Pharmacists have told her that they increasingly see their role as helping “monitor the drug supply.” Meanwhile, law enforcement officers report seeking tips from pharmacists on people who might be “doctor shopping” for multiple prescriptions.

Chiarello considers the fourth process the most harmful. Channeling, as she describes it, is the process by which a patient is pushed from the health care system to the criminal justice system. Direct channeling involves intervention by law enforcement in response to a call from a health care provider.

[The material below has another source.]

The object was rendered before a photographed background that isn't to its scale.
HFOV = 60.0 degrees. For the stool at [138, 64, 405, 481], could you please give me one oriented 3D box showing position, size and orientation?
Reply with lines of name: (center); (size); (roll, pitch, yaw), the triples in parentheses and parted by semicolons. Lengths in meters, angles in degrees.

More common—and more concerning, Chiarello says—is indirect channeling, when providers and pharmacists refuse to prescribe or dispense regulated prescription drugs.

“Channeling exposes patients to dangerous, unregulated, illicit markets that carry a far higher likelihood of injury and overdose,” she said. “And providers who refuse care or pharmacists who refuse to fill a script because of what they read in the PDMP are pushing people toward these risky markets while sacrificing an opportunity to help a sick patient.”

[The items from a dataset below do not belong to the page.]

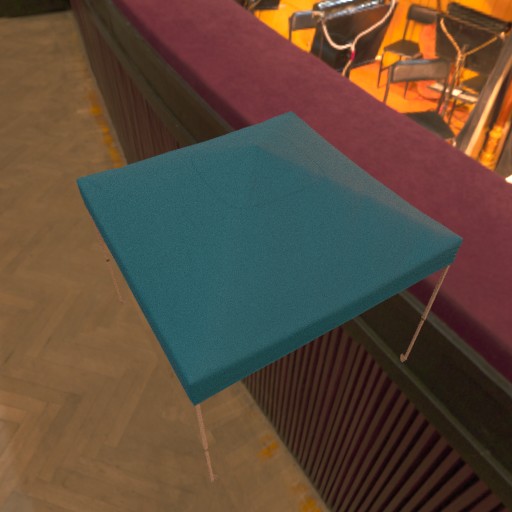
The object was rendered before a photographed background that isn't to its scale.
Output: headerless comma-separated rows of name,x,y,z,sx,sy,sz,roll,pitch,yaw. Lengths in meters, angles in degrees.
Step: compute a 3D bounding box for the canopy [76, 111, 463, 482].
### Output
canopy,0.000,0.000,5.226,2.996,2.997,2.998,-24,51,-21
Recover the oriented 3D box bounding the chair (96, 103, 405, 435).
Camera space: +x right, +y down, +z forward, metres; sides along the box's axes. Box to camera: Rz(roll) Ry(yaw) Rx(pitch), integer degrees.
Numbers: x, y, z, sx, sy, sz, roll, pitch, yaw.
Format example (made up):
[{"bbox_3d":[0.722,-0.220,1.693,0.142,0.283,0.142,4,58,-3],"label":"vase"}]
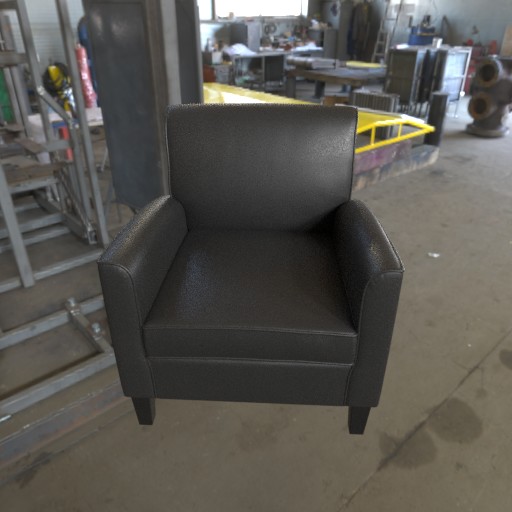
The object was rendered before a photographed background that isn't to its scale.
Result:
[{"bbox_3d":[0.000,0.000,1.582,0.820,0.916,0.819,2,29,3],"label":"chair"}]

The changing professional landscape is not without bright spots, Chiarello says, pointing to lifesaving work done by police and firefighters carrying the overdose drug Naloxone, or Narcan, and efforts in jails and prisons across the country to administer medications for addiction treatment. “I think those are good programs, and I think that they are important,” she said. “But they are not enough.”

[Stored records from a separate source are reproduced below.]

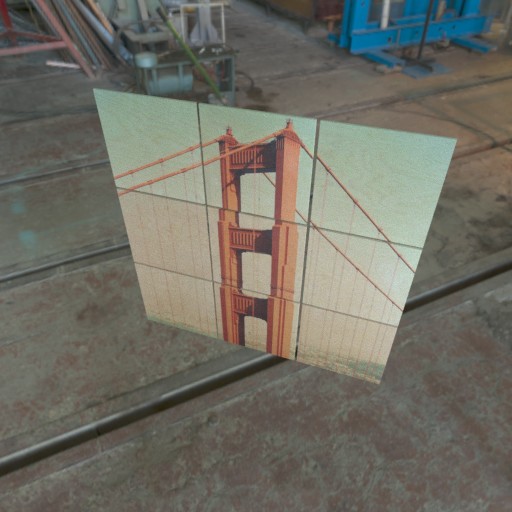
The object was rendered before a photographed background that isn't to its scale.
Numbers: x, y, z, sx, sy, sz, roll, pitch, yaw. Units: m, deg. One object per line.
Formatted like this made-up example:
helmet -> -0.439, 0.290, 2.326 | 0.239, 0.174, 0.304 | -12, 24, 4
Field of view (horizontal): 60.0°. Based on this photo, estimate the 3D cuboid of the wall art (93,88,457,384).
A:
wall art -> 0.000, 0.000, 2.264 | 1.517, 1.523, 0.013 | 13, 42, 14
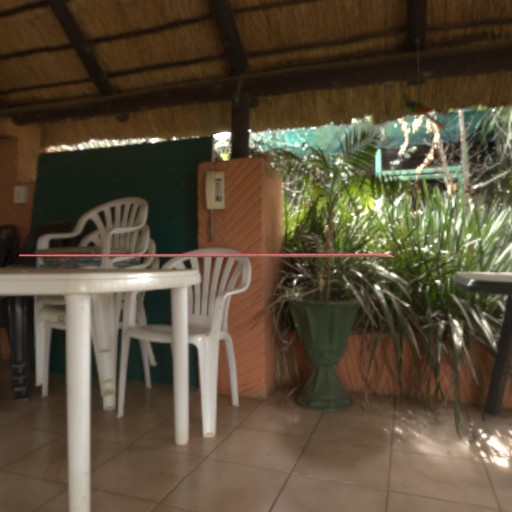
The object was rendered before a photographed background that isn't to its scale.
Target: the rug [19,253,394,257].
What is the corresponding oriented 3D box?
[{"bbox_3d":[0.000,0.000,3.925,2.300,0.012,2.929,0,0,18],"label":"rug"}]

Rather than the last resort of criminal justice solutions, Chiarello says, more people with substance abuse disorders should get the help they need from the health care system, and from professionals among the best equipped to help someone struggling with pain or addiction: pharmacists.

“Instead of asking police officers to do things they are not trained for or equipped to do, we should ensure that every pharmacist is available to give patients a warm handoff to treatment,” she said. “Pharmacists are the most available and yet the most underutilized health care providers. Can you name another provider you can just walk up to and talk to within five minutes who has six years of training, significant clinical experience, and who is often there 24 hours a day? There is no other provider like that.”

Chiarello thinks policymakers need to expand Medicare and Medicaid and fortify treatment for mental health and substance abuse issues. A “single-payer system could go a really long way toward building that infrastructure,” she said. She sees PDMPs as a useful tool when applied and monitored in the right way, but she worries about patient privacy and the role of private companies in handling the data. She also warns that linking PDMPs to a person’s criminal history can promote discrimination.

“When we allow a private corporation to do the analytics for the PDMP and let them decide what counts as dangerous, we are allowing this outside corporate entity to shape health care providers’ decision making,” she said. “And as we link it to markers like arrest records, which are racialized and classed, we run the risk of further exacerbating race and class inequality in the health care system.

“Today, we are giving our health care providers enforcement tools while giving our enforcement agents health care tools. This blurs boundaries between care and punishment without effectively addressing the problem. We could be doing so much more.”